Causality is not a law and an argument in favor of the existence of God - sinapticasblog
https://sinapticas.com/2019/01/09/causality-is-not-a-law-and-an-argument-in-favor-of-the-existence-of-god/
======
adeveloper870
St. Thomas Aquinas wrote these proofs to help those who are more logically
inclined to believe in God.
[[http://web.mnstate.edu/gracyk/courses/web%20publishing/aquin...](http://web.mnstate.edu/gracyk/courses/web%20publishing/aquinasfiveways_argumentanalysis.htm)]

While the logical arguments in this article seem thorough, there are
references to God throughout all of history. Many will say that the church was
acting, over-extending it's authority and enforcing it's teachings was the
reason why it lasted as long as it has. One could say that's why we still have
the discussion of the existence God in our day-to-day lives.

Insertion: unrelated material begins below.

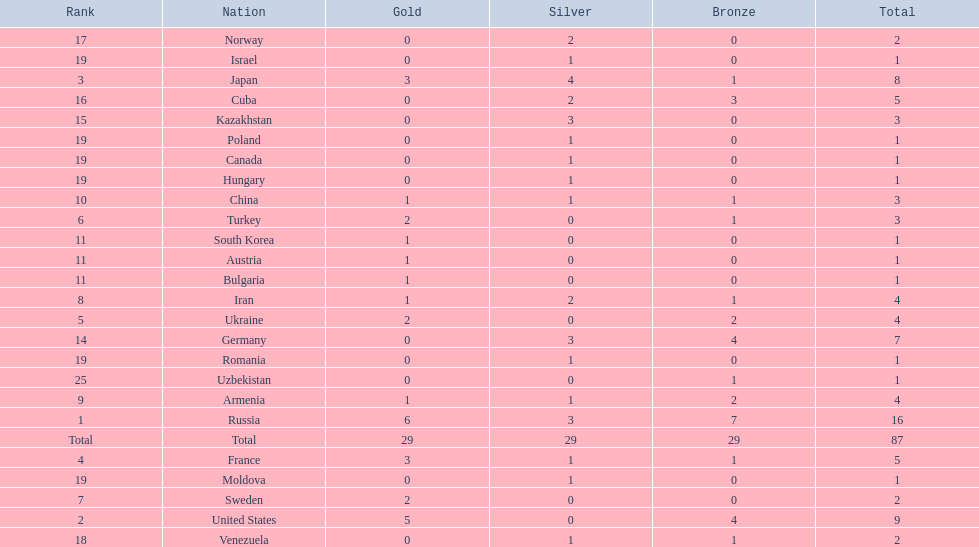What were the nations that participated in the 1995 world wrestling championships? Russia, United States, Japan, France, Ukraine, Turkey, Sweden, Iran, Armenia, China, Austria, Bulgaria, South Korea, Germany, Kazakhstan, Cuba, Norway, Venezuela, Canada, Hungary, Israel, Moldova, Poland, Romania, Uzbekistan. How many gold medals did the united states earn in the championship? 5. What amount of medals earner was greater than this value? 6. What country earned these medals? Russia.

The question you could pose is, say you are right. What if you did prove this
all to be correct? What would happen then? You disproved God exists, now what?
There would be nothing to gain other than feeling the need to point at others
and tell them they are wrong (or be nice about it :) ).

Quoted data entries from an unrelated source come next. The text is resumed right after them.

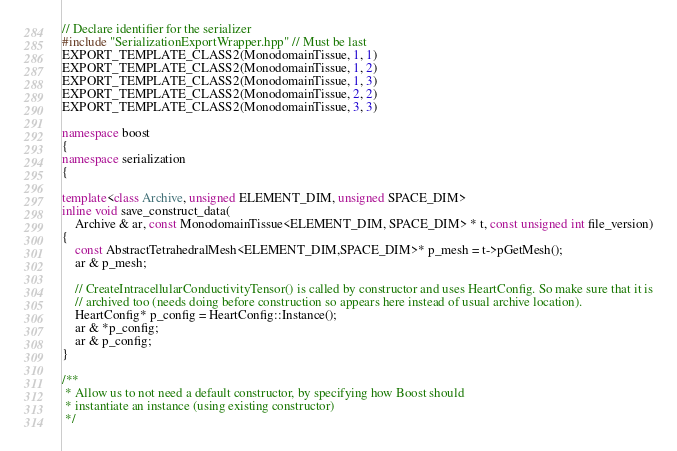<code> <loc_0><loc_0><loc_500><loc_500><_C++_>

// Declare identifier for the serializer
#include "SerializationExportWrapper.hpp" // Must be last
EXPORT_TEMPLATE_CLASS2(MonodomainTissue, 1, 1)
EXPORT_TEMPLATE_CLASS2(MonodomainTissue, 1, 2)
EXPORT_TEMPLATE_CLASS2(MonodomainTissue, 1, 3)
EXPORT_TEMPLATE_CLASS2(MonodomainTissue, 2, 2)
EXPORT_TEMPLATE_CLASS2(MonodomainTissue, 3, 3)

namespace boost
{
namespace serialization
{

template<class Archive, unsigned ELEMENT_DIM, unsigned SPACE_DIM>
inline void save_construct_data(
    Archive & ar, const MonodomainTissue<ELEMENT_DIM, SPACE_DIM> * t, const unsigned int file_version)
{
    const AbstractTetrahedralMesh<ELEMENT_DIM,SPACE_DIM>* p_mesh = t->pGetMesh();
    ar & p_mesh;

    // CreateIntracellularConductivityTensor() is called by constructor and uses HeartConfig. So make sure that it is
    // archived too (needs doing before construction so appears here instead of usual archive location).
    HeartConfig* p_config = HeartConfig::Instance();
    ar & *p_config;
    ar & p_config;
}

/**
 * Allow us to not need a default constructor, by specifying how Boost should
 * instantiate an instance (using existing constructor)
 */</code>

I would instead not to approach God with logic, as there have been countless
people, including myself, who have been touched with God's presence. While the
pursuit of knowledge and logic is admirable, God will continue to exist.

What I feel is struggling to people who are not in the environment, is that
belief in God arises from faith, and not reason. So many people become
passionate (on both sides) that it often-times ends up in fights that the one
needs to prove they are right. It's not about being right, it's about showing
love, and that can mean listening to someone who you don't agree with so you
can show them you care and will listen to your opinion, even if they don't
agree.

Thank you for your article and your well-thought out statements, wishing you
blessings in life.